Share your opinion and earn yourself a free Motley Fool premium report!

We are looking for Fools to join a 75 minute online independent market research forum on 15th / 16th December.

To find out more and express your interest please click here

2 FTSE 100 dividend growth stocks that I’d buy and hold for 10 years

Royston Wild discusses two delicious dividend stocks from the FTSE 100 (INDEXFTSE: UKX) that could boost your portfolio returns.

| More on:

The content of this article was relevant at the time of publishing. Circumstances change continuously and caution should therefore be exercised when relying upon any content contained within this article.

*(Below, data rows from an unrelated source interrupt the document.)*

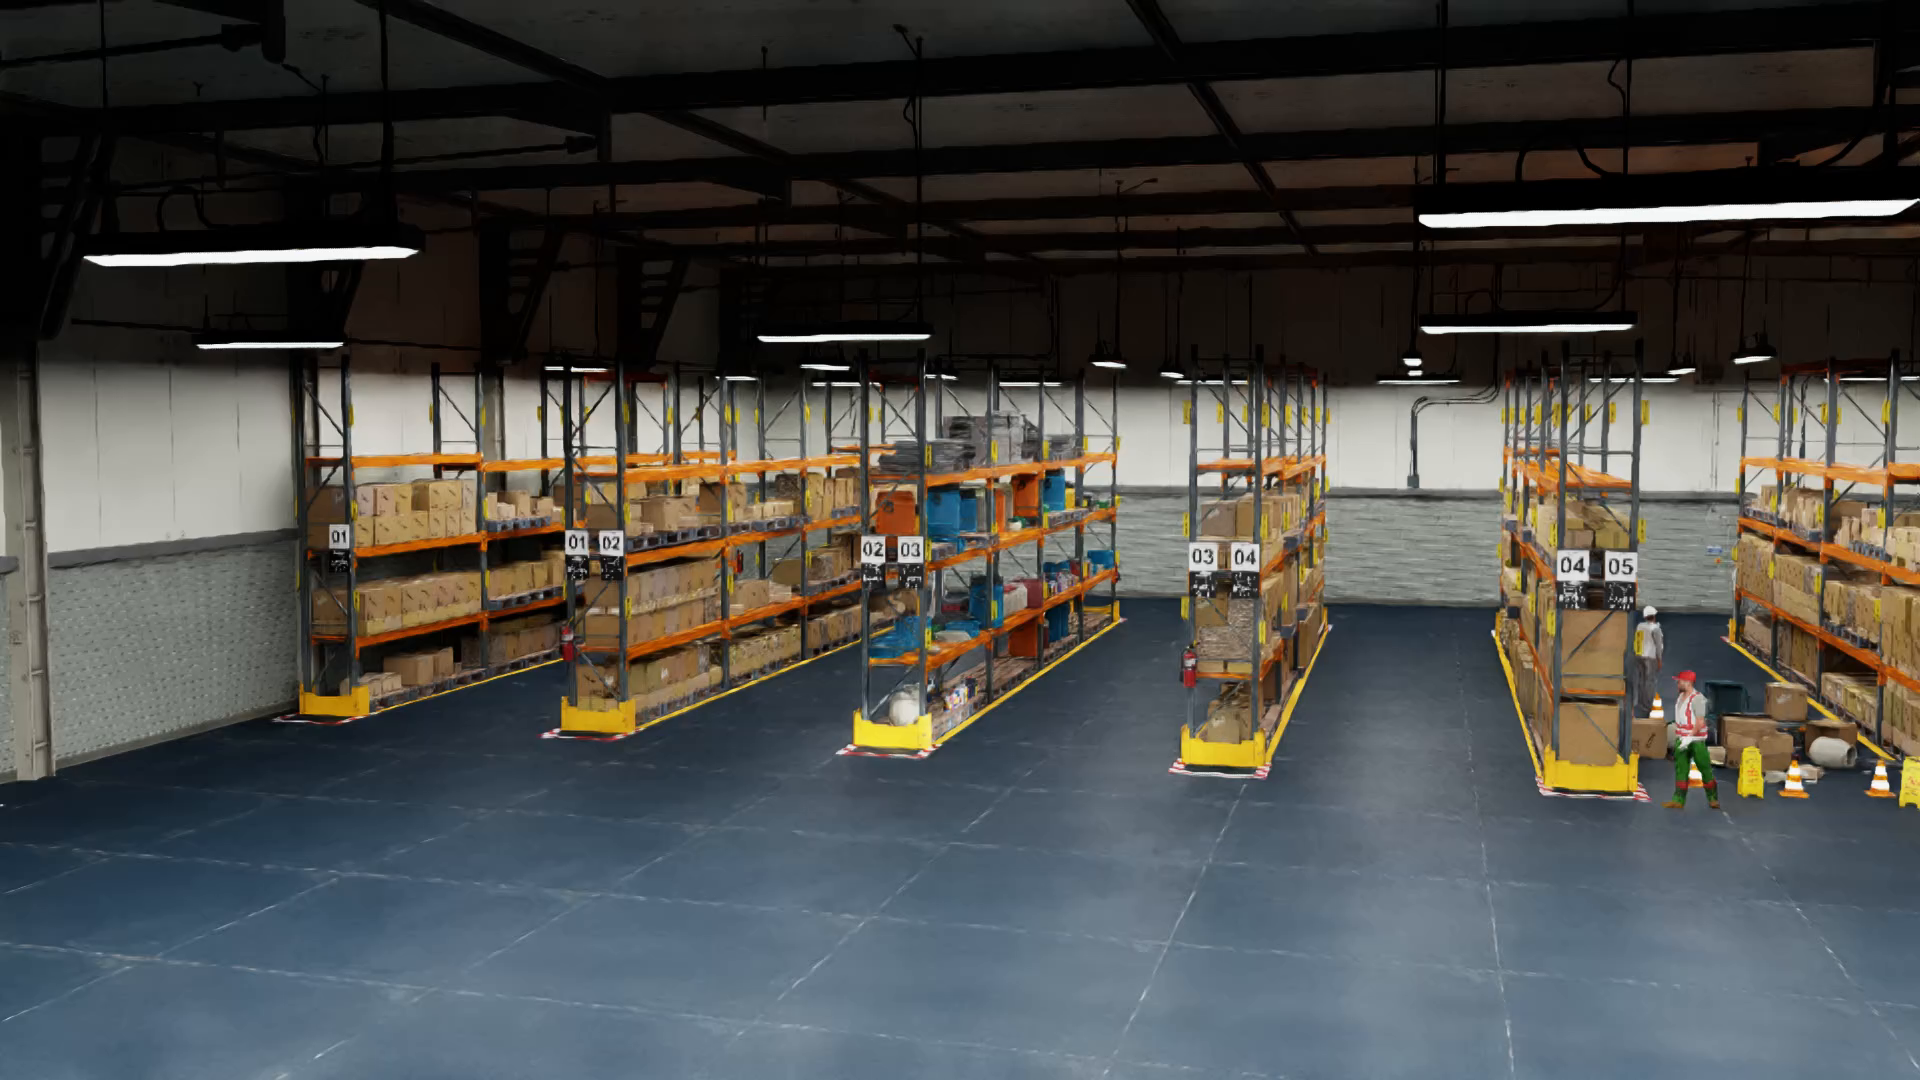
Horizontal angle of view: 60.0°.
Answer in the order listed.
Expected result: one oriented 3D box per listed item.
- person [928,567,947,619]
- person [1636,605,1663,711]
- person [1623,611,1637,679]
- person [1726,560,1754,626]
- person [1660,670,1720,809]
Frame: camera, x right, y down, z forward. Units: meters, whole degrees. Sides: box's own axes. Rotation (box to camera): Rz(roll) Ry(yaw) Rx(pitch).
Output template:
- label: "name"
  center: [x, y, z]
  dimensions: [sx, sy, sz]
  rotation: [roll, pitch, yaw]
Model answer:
- label: "person"
  center: [-0.500, 1.127, 39.729]
  dimensions: [0.546, 1.774, 0.751]
  rotation: [1, 4, 10]
- label: "person"
  center: [11.707, 1.989, 28.166]
  dimensions: [0.444, 1.775, 0.581]
  rotation: [-1, 4, -16]
- label: "person"
  center: [12.721, 1.785, 31.722]
  dimensions: [0.414, 1.666, 0.507]
  rotation: [-1, 4, -16]
- label: "person"
  center: [18.539, 1.219, 39.430]
  dimensions: [0.674, 1.659, 0.498]
  rotation: [-1, 4, -13]
- label: "person"
  center: [9.306, 2.537, 21.145]
  dimensions: [0.712, 1.786, 0.551]
  rotation: [-1, 4, -15]
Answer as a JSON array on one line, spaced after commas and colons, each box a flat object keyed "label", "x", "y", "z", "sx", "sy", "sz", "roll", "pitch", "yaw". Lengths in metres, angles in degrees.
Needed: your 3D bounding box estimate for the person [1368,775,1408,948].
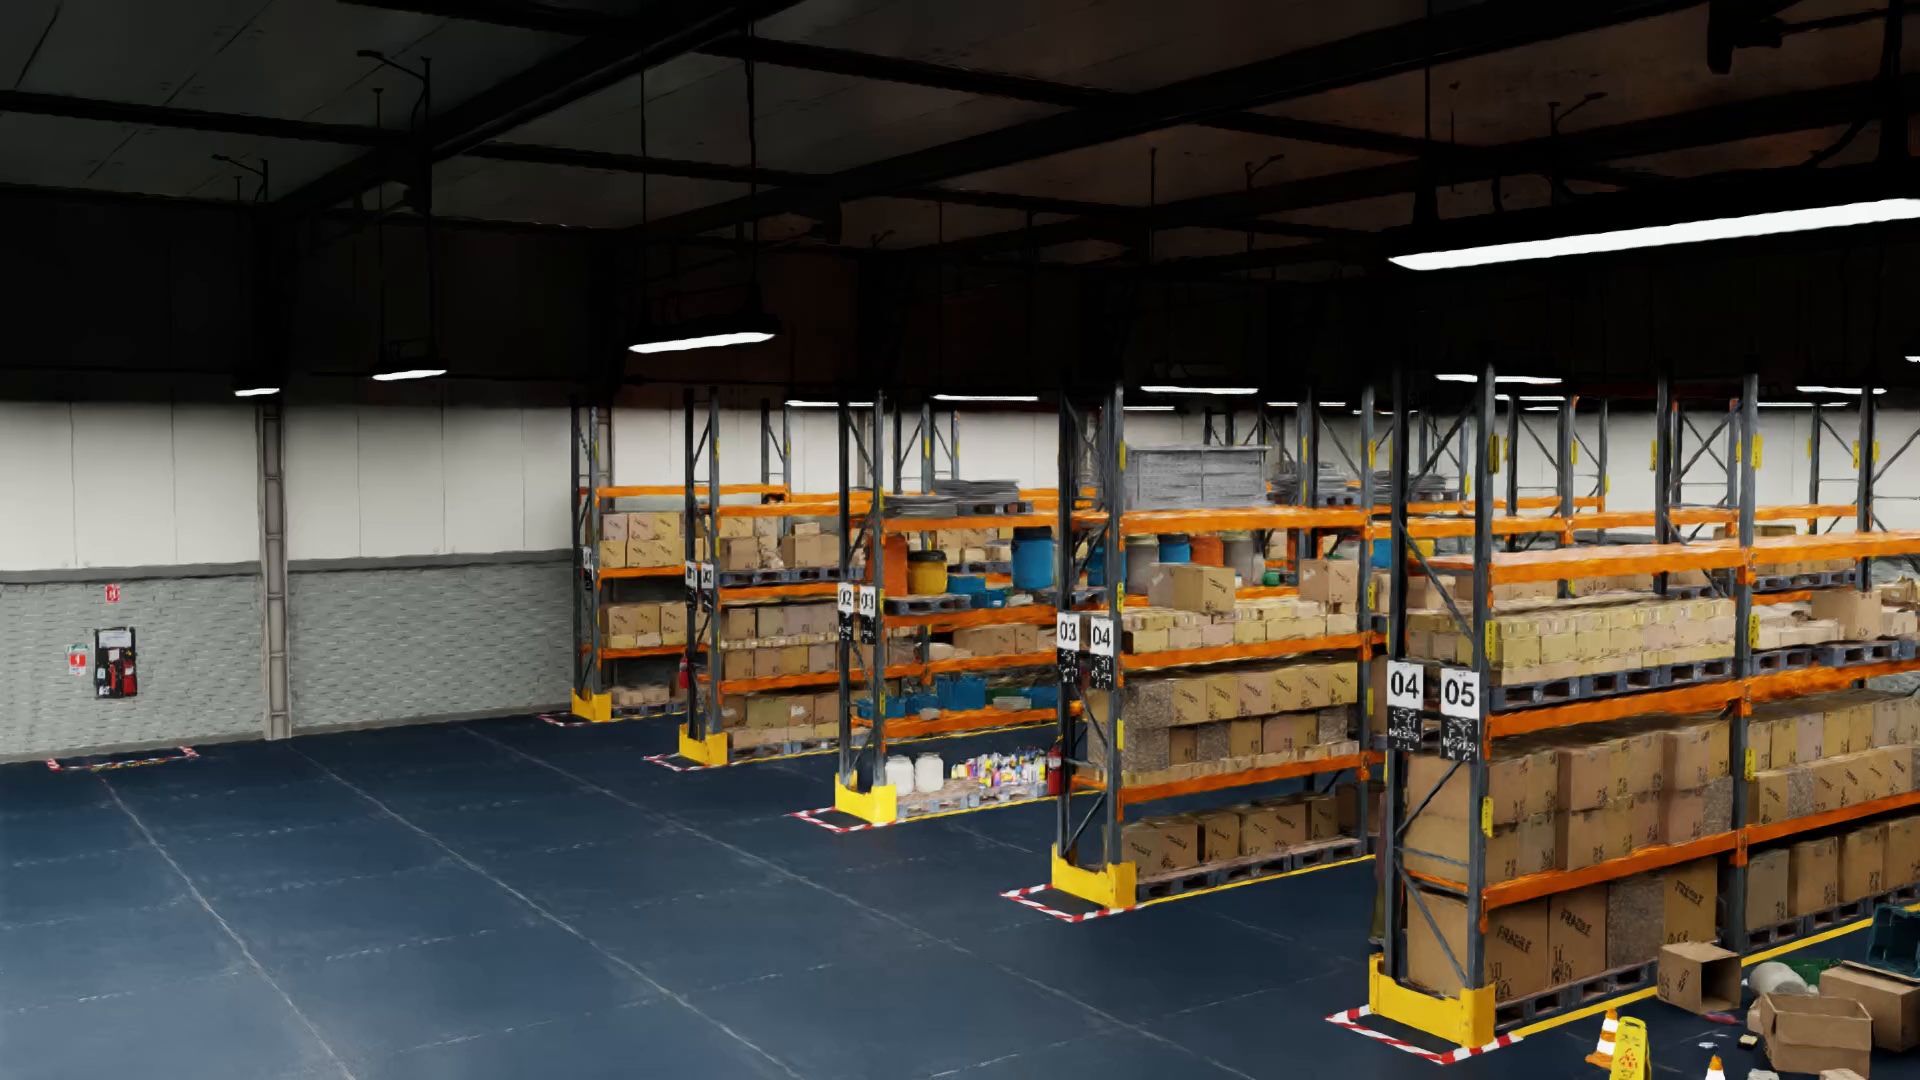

You’re reading a free article with opinions that may differ from The Motley Fool’s Premium Investing Services. Become a Motley Fool member today to get instant access to our top analyst recommendations, in-depth research, investing resources, and more. Learn More.

Halma (LSE: HLMA) is a FTSE 100 company whose robust record of lifting annual dividends decade after decade makes it an outstanding buy for income chasers.

I’ve long lauded the safety and environmental equipment manufacturer’s exceptional growth credentials, a quality which has proved the bedrock to its ultra-progressive dividend policy. And judging from latest trading numbers, there’s plenty of reason to expect earnings, and thus payouts, to continue marching on.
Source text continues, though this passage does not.